Work order:
Each line below that contains the word "minute" is to be counted; give only the final number.

[Record set Boundary: Start]

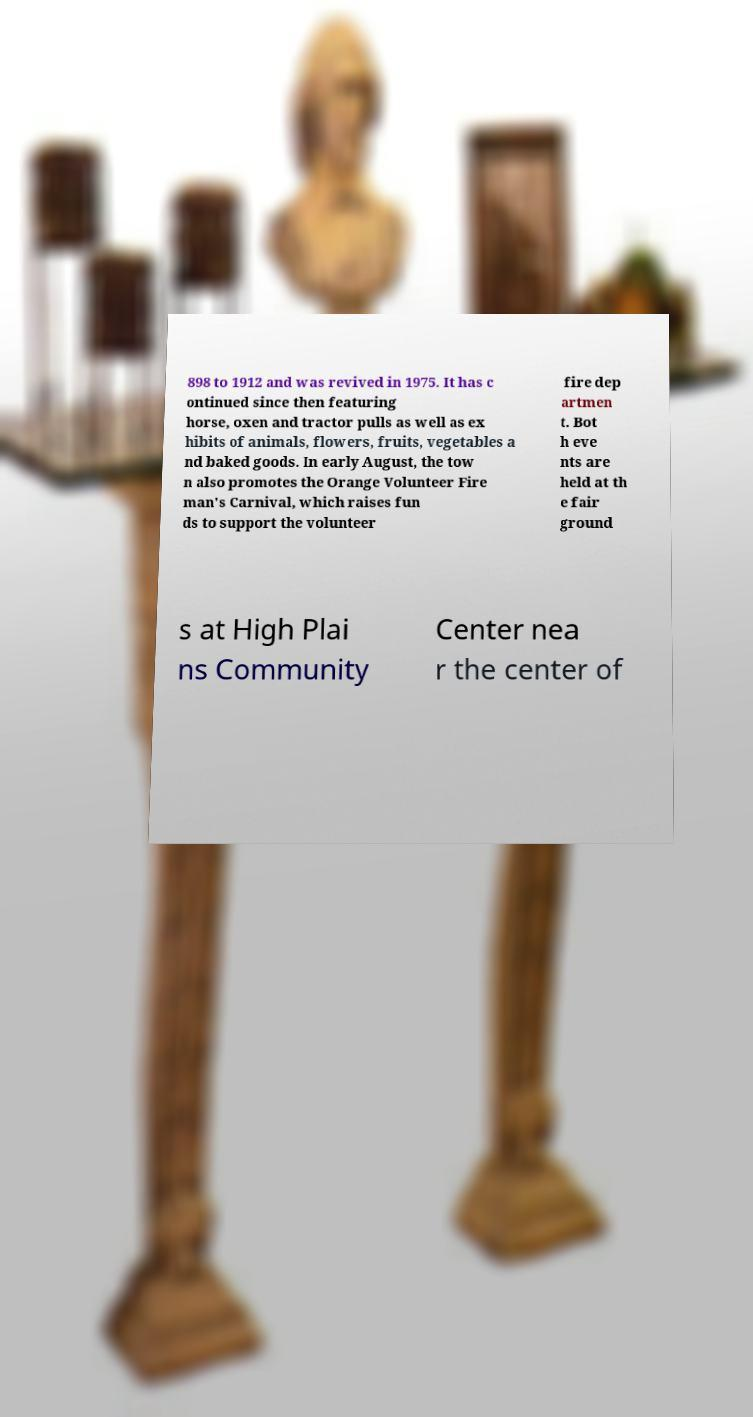Could you assist in decoding the text presented in this image and type it out clearly? 898 to 1912 and was revived in 1975. It has c ontinued since then featuring horse, oxen and tractor pulls as well as ex hibits of animals, flowers, fruits, vegetables a nd baked goods. In early August, the tow n also promotes the Orange Volunteer Fire man's Carnival, which raises fun ds to support the volunteer fire dep artmen t. Bot h eve nts are held at th e fair ground s at High Plai ns Community Center nea r the center of 
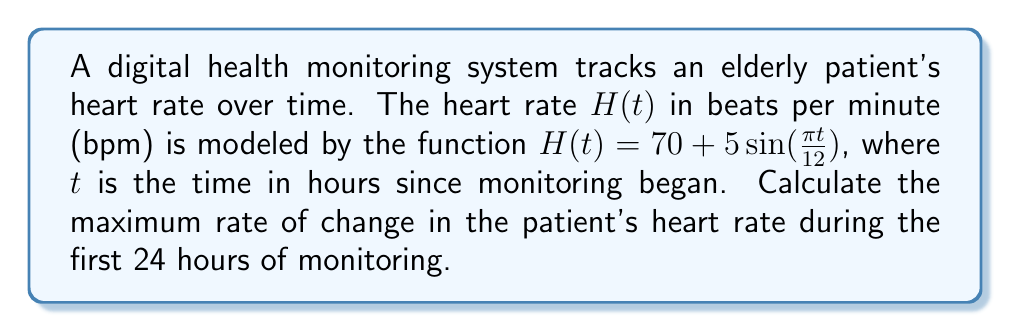Help me with this question. To find the maximum rate of change in the patient's heart rate, we need to follow these steps:

1) First, we need to find the derivative of the heart rate function $H(t)$. This will give us the rate of change at any given time.

   $$\frac{dH}{dt} = \frac{d}{dt}[70 + 5\sin(\frac{\pi t}{12})]$$
   $$\frac{dH}{dt} = 5 \cdot \frac{\pi}{12} \cos(\frac{\pi t}{12})$$
   $$\frac{dH}{dt} = \frac{5\pi}{12} \cos(\frac{\pi t}{12})$$

2) The maximum rate of change will occur when $\cos(\frac{\pi t}{12})$ is at its maximum value, which is 1.

3) Therefore, the maximum rate of change is:

   $$\text{Max }\frac{dH}{dt} = \frac{5\pi}{12} \approx 1.309$$

4) To interpret this result, we can say that the maximum rate of change is approximately 1.309 bpm per hour, or about 1.309 beats per minute squared.

5) Note that this maximum rate of change occurs periodically, specifically when $\frac{\pi t}{12} = 2\pi n$ for integer $n$, which corresponds to $t = 24n$ hours. This means the maximum rate of change occurs at the start of monitoring and every 24 hours thereafter.

This analysis provides valuable information for digital health monitoring systems, allowing for the detection of rapid changes in heart rate that might require immediate attention in elderly care.
Answer: The maximum rate of change in the patient's heart rate is $\frac{5\pi}{12} \approx 1.309$ beats per minute per hour. 
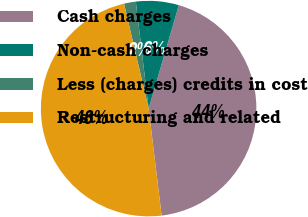Convert chart. <chart><loc_0><loc_0><loc_500><loc_500><pie_chart><fcel>Cash charges<fcel>Non-cash charges<fcel>Less (charges) credits in cost<fcel>Restructuring and related<nl><fcel>43.56%<fcel>6.42%<fcel>1.77%<fcel>48.26%<nl></chart> 
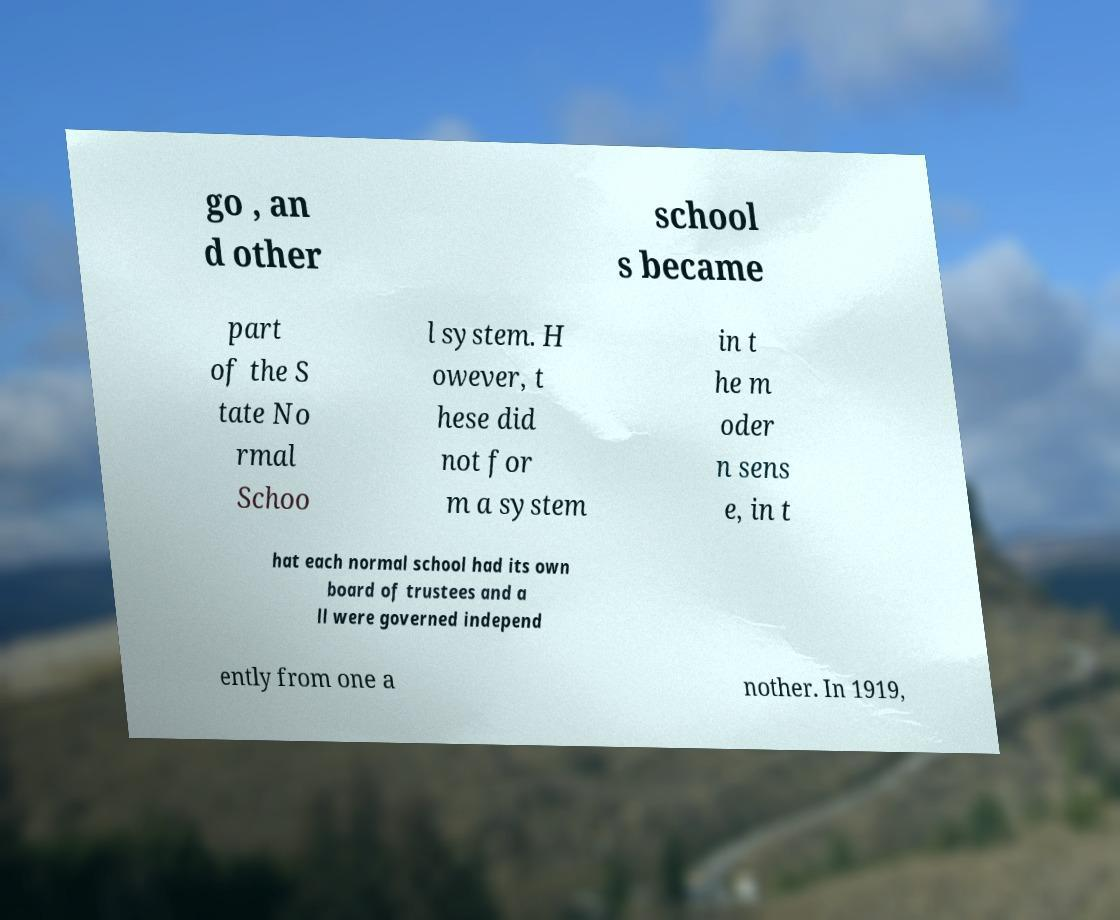Please read and relay the text visible in this image. What does it say? go , an d other school s became part of the S tate No rmal Schoo l system. H owever, t hese did not for m a system in t he m oder n sens e, in t hat each normal school had its own board of trustees and a ll were governed independ ently from one a nother. In 1919,

[Record set Boundary: End]

Solution to the problem:
2